(INSTRUCTIONS FOR THE TASK): For the word "Locate", count the lines below that contain it. Give the number alone.

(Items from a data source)

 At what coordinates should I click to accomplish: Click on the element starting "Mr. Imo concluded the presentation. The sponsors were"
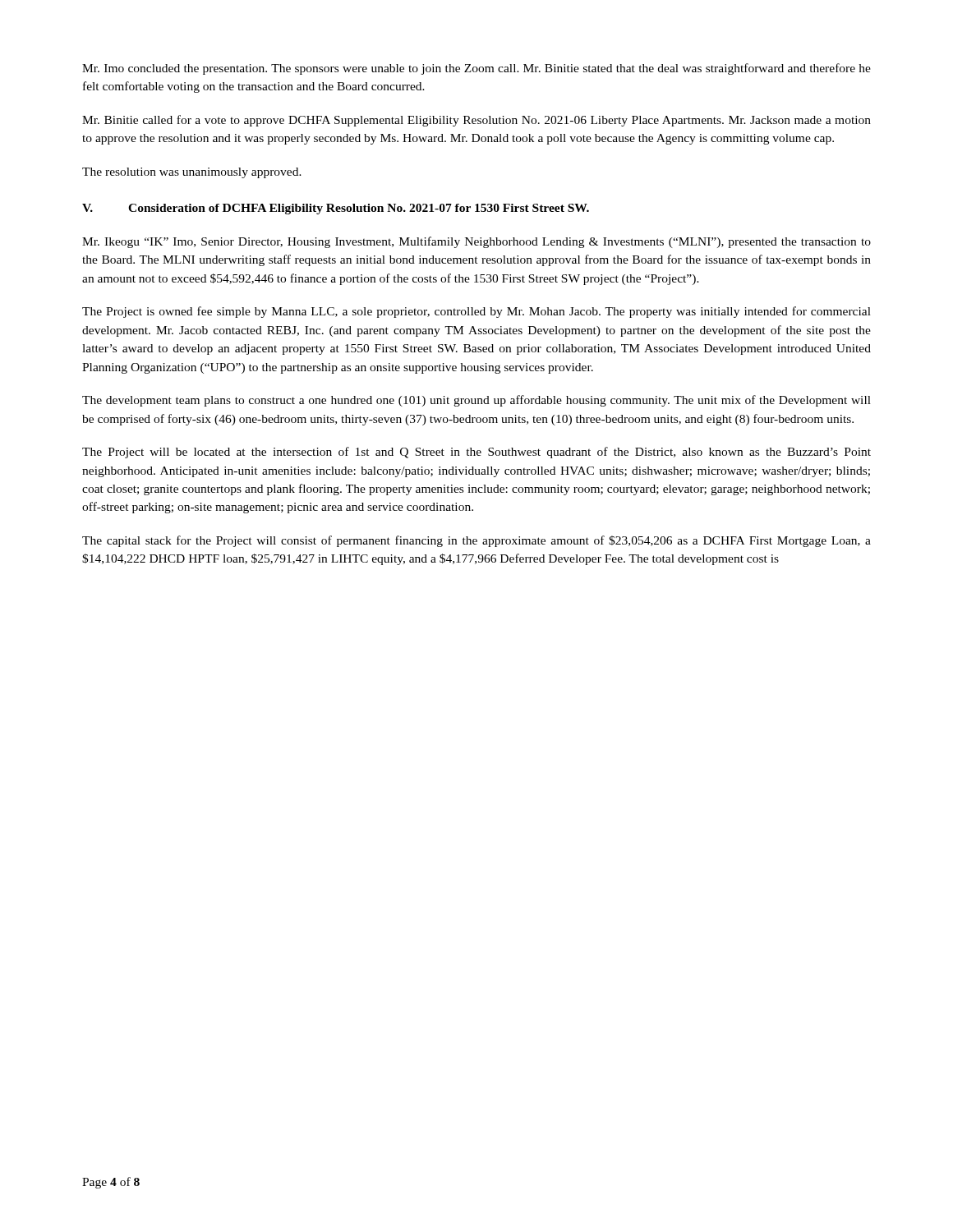[x=476, y=77]
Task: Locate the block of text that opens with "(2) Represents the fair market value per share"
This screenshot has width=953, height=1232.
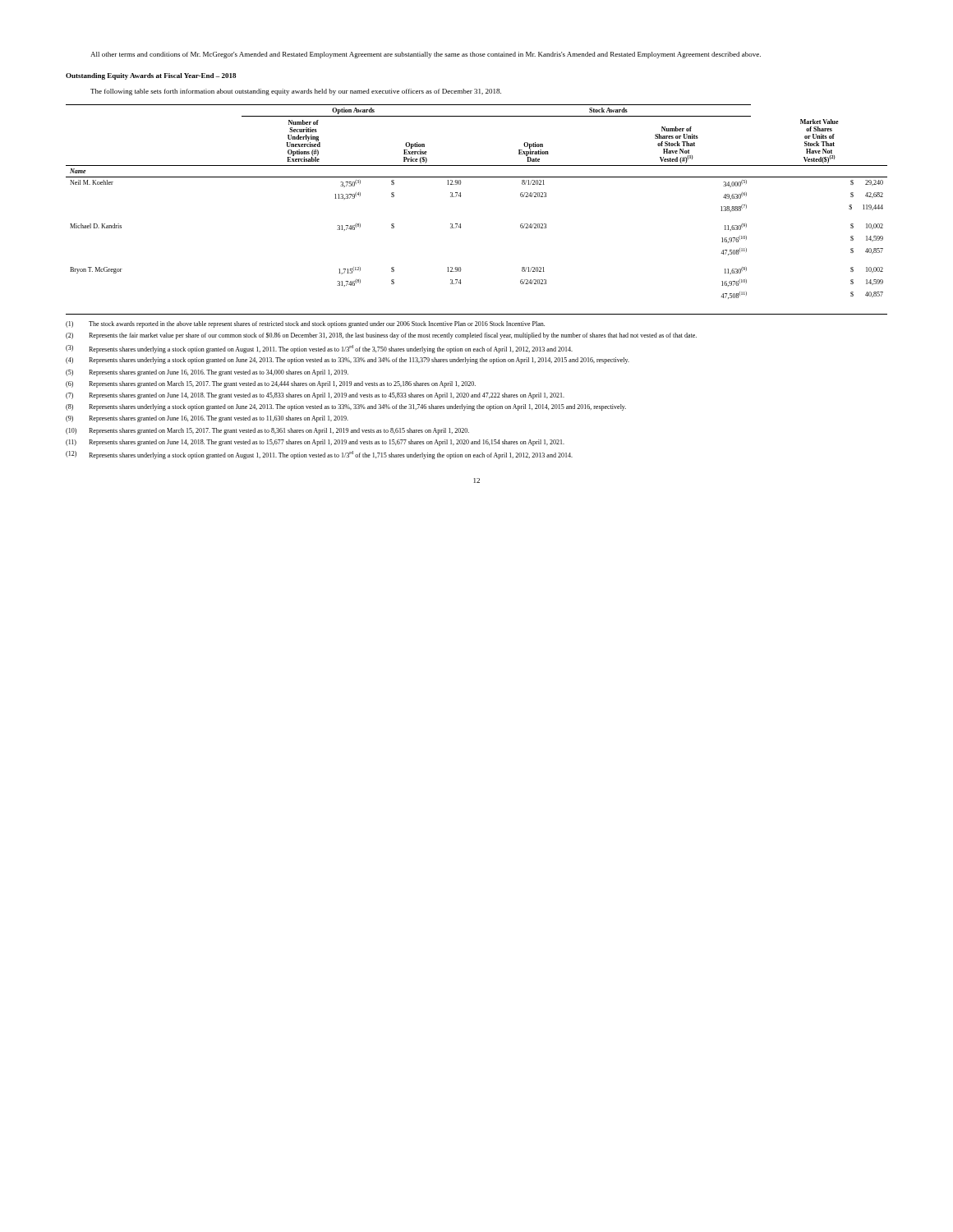Action: pyautogui.click(x=381, y=336)
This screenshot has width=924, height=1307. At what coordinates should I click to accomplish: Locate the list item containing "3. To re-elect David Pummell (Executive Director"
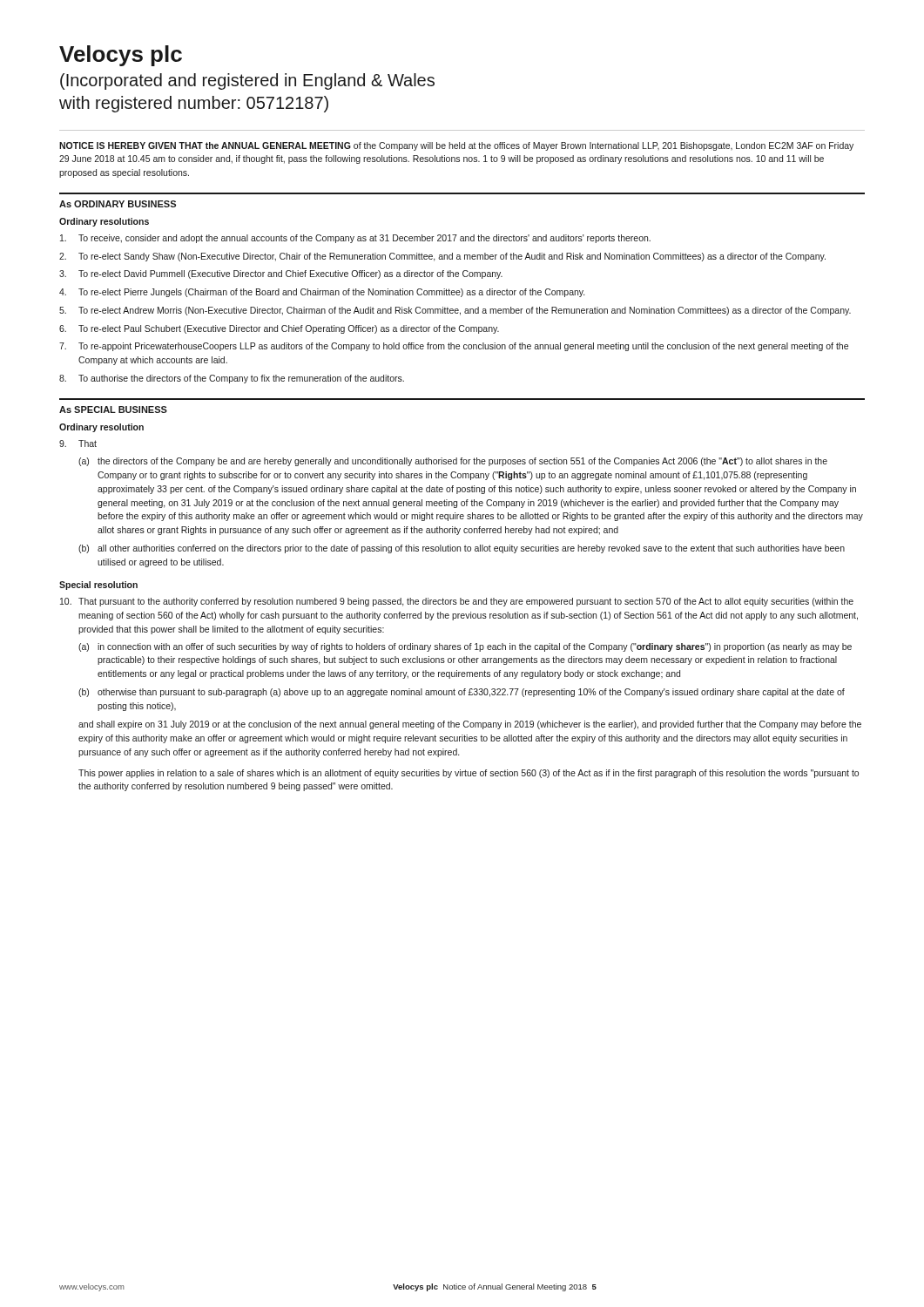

(OUTPUT): 2